Évidemment c’était une gageure d’adapter « Le parfum », beau roman de Patrick Süskin et succès mondial de librairie, ce dernier lâchant enfin les droits en raison de la forte insistance de son compatriote, le producteur Bernd Eichinger – producteur du douteux « La chute » -, avec ce film « Le parfum, histoire d’un meurtrier ». On le sait Stanley Kubrick, Milos Forman, Steven Spielberg, Martin Scorsese, Ridley Scott, Tim Burton, sans oublier Patrice Leconte – que la réussite du « Mari de la coiffeuse » pouvait légitimer -. On se demande ce que fait ici le tâcheron Tom Tykwer dans cette entreprise– du moins avec le souvenir de « Cours, Lola, cours », et qui participe en prime à la sirupeuse du film. On découvre donc le destin de Jean-Baptiste Grenouille, né en 1744 d’une femme accouchant et abandonnant son enfant dans un marché aux poissons. Heureusement pour lui, il a un sens très fort de la survie et un odorat hors du commun. Vendu par un orphelinat à une tannerie, il livre un jour des peaux à un célèbre parfumeur. Il va chercher à s’imposer pour arriver à finaliser son obsession, conserver le parfum des femmes… Malgré une débauche de moyens, il n’arrive qu’à une veine illustrative, sans susciter aucune émotion. Je dois confesser ici un ennui profond. Avec le souvenir de la lecture lointain mais persistant du livre, on finit par faire des allers-retours avec les deux œuvres, histoire de se lamenter un peu. On déplore une figuration particulièrement statique, au mieux cela figure un champ d’oignons. La reconstitution est ici compassée et on ne retrouve aucun souffle, aucune vie, même dans un champ de lavande. Tout ici sent le « Matte painting » à plein nez ! (arf, arf). On pouvait attendre mieux, que certaines ellipses, notamment la scène où Grenouille devient ermite dans sa grotte, traitée ici de manière particulièrement anecdotique. Le réalisateur voulant sans doute jouer sur le réalisme, confine sa restitution dans le misérabilisme.

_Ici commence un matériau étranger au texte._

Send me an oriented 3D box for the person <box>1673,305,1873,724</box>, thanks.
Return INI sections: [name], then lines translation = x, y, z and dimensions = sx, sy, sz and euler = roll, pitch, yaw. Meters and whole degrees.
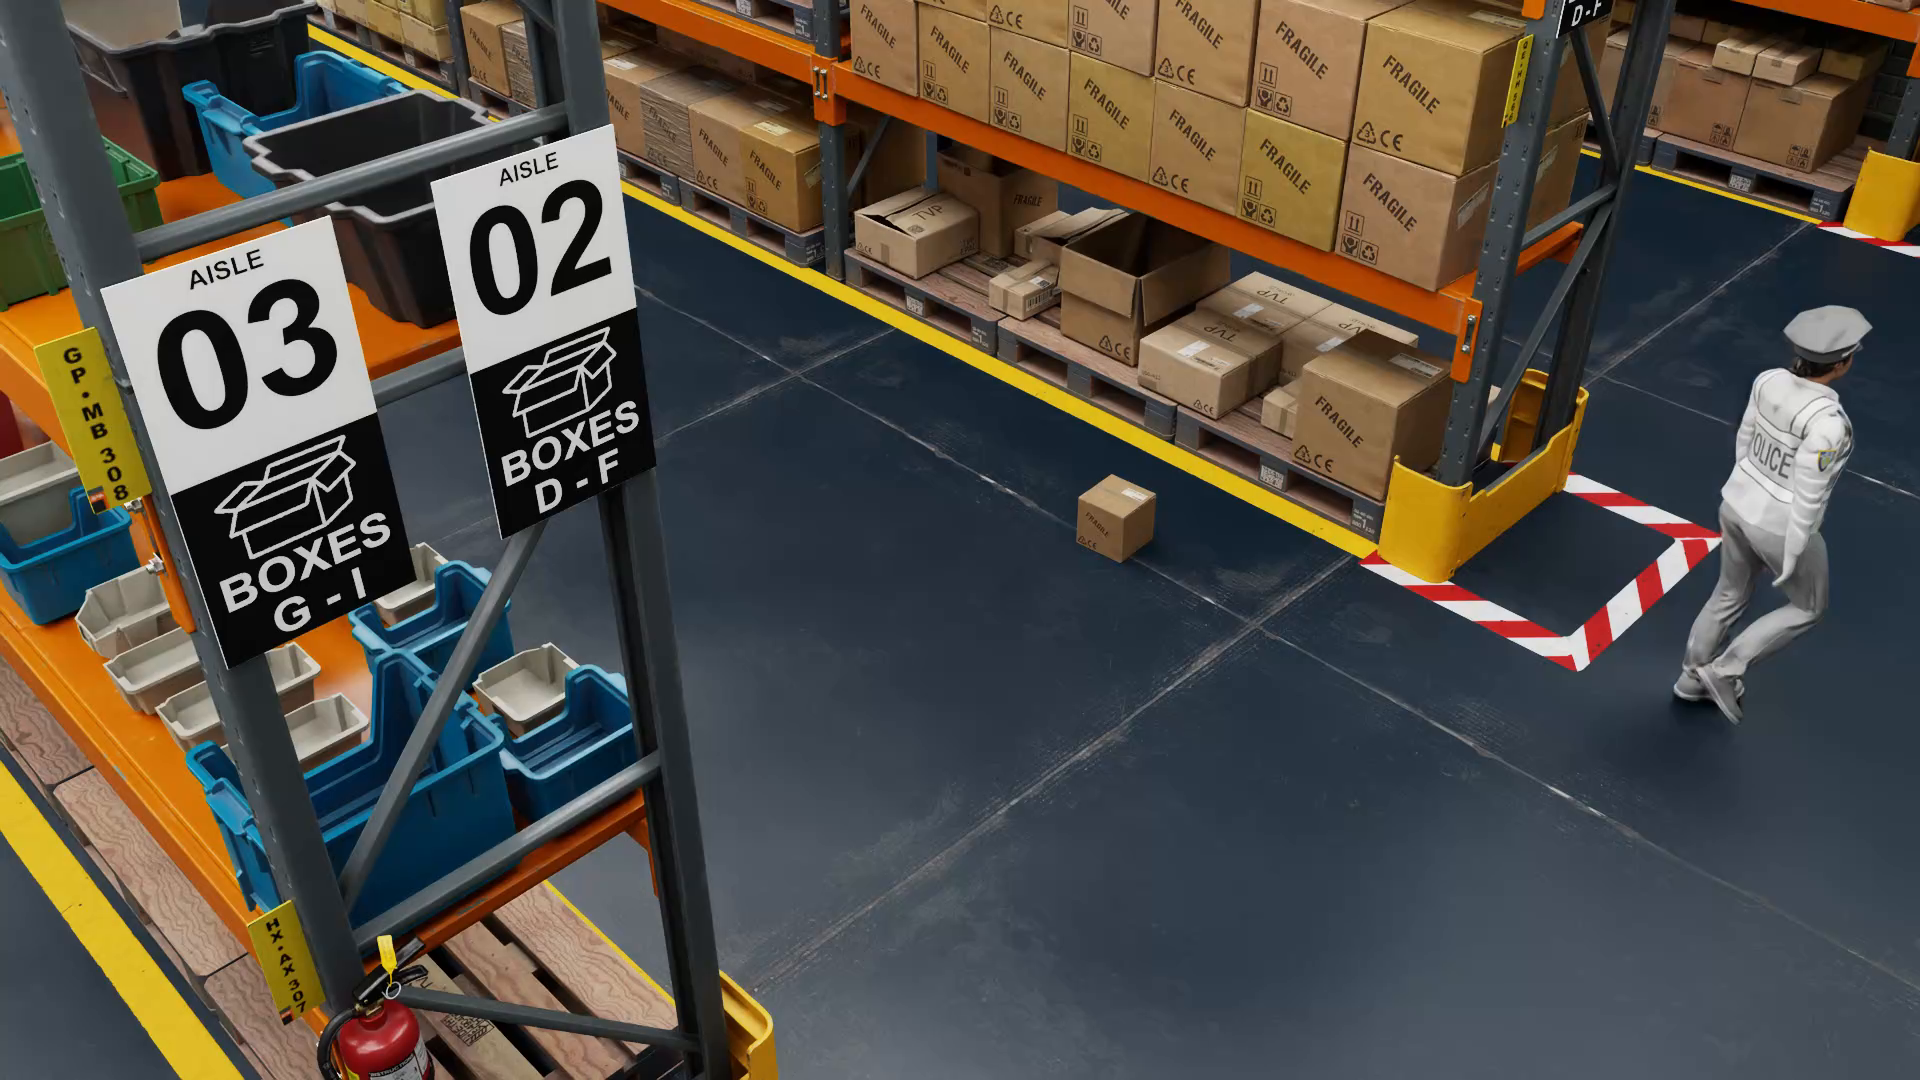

Dustin Hoffman & Ben Whishaw
L’ensemble finit par sombrer dans le grotesque, on finit par ricaner, à voir la mort implacable des personnes quittant notre Grenouillot. Le réalisateur multiplie les maniérismes, des plans de petit malin d’introspection nasale, ou la caméra placée à l’intérieur d’une distillerie, avec des ralentis poussifs ou des accélérations soudaines. C’est un aveu patent d’impuissance à animer l’aseptisation générale dans ce musée Grévin boursouflé. Certes traduire le sens olfactif à l’écran était compliqué, la littérature de Süskin avait un fort potentiel de suggestion. Mais tout ici est vain, le réalisateur échouant lamentablement ici, le frémissement des narines grenouillettes, et une bande-son exacerbée confinant au grotesque. Mais on pouvait espérer au moins un peu de sensualité, même le pataud « Chocolat » de Lars Hallström était plus évocateur. Quant au morceau de bravoure final attendu, c’est un sommet de fadeur. La direction d’acteur laisse à désirer, Dustin Hoffman en roue libre dans le rôle de Baldini, parfumeur poudré à la ramasse, arrive un peu à tromper notre ennui, la présence butée de l’Anglais Ben Whishaw, n’est pas idéale pour avoir de l’empathie avec personnage, la belle allemande Corinna Harfouch fait de la figuration intelligente dans le rôle de Mme Arnulfi, Sarah Forestier ne fait que trépasser. Et Rachel Hurd-Wood, sorte de clone de Franka Potente dans « Cours, manque sérieusement de charisme, le réalisateur semble faire une fixette sur les Lolita à cheveux rouges, au moins il se fait plaisir… Seul Alan Rickman, en père possessif arrive à tirer un peu son épingle du jeu avec autorité. Autre écueil l’utilisation de John Hurt comme récitant. Pourquoi pas se servir de la voix-off comme rustines aux faiblesses du scénario, le comédien anglais pouvant formidablement évoquer certaines émotions. Le problème est que Hurt était aussi le récitant de « Dogville » et « Manderlay », œuvres audacieuses et stylisées du grand manipulateur Lars Von Trier. Le souvenir de la narration de ces deux films, ne font que souligner la platitude de l’ensemble. A noter que Jacques Perrin est le récitant français. Nous ne sommes pas loin d’un désartre. Mais le film semble avoir ses fans, notamment en Allemagne où il triomphe.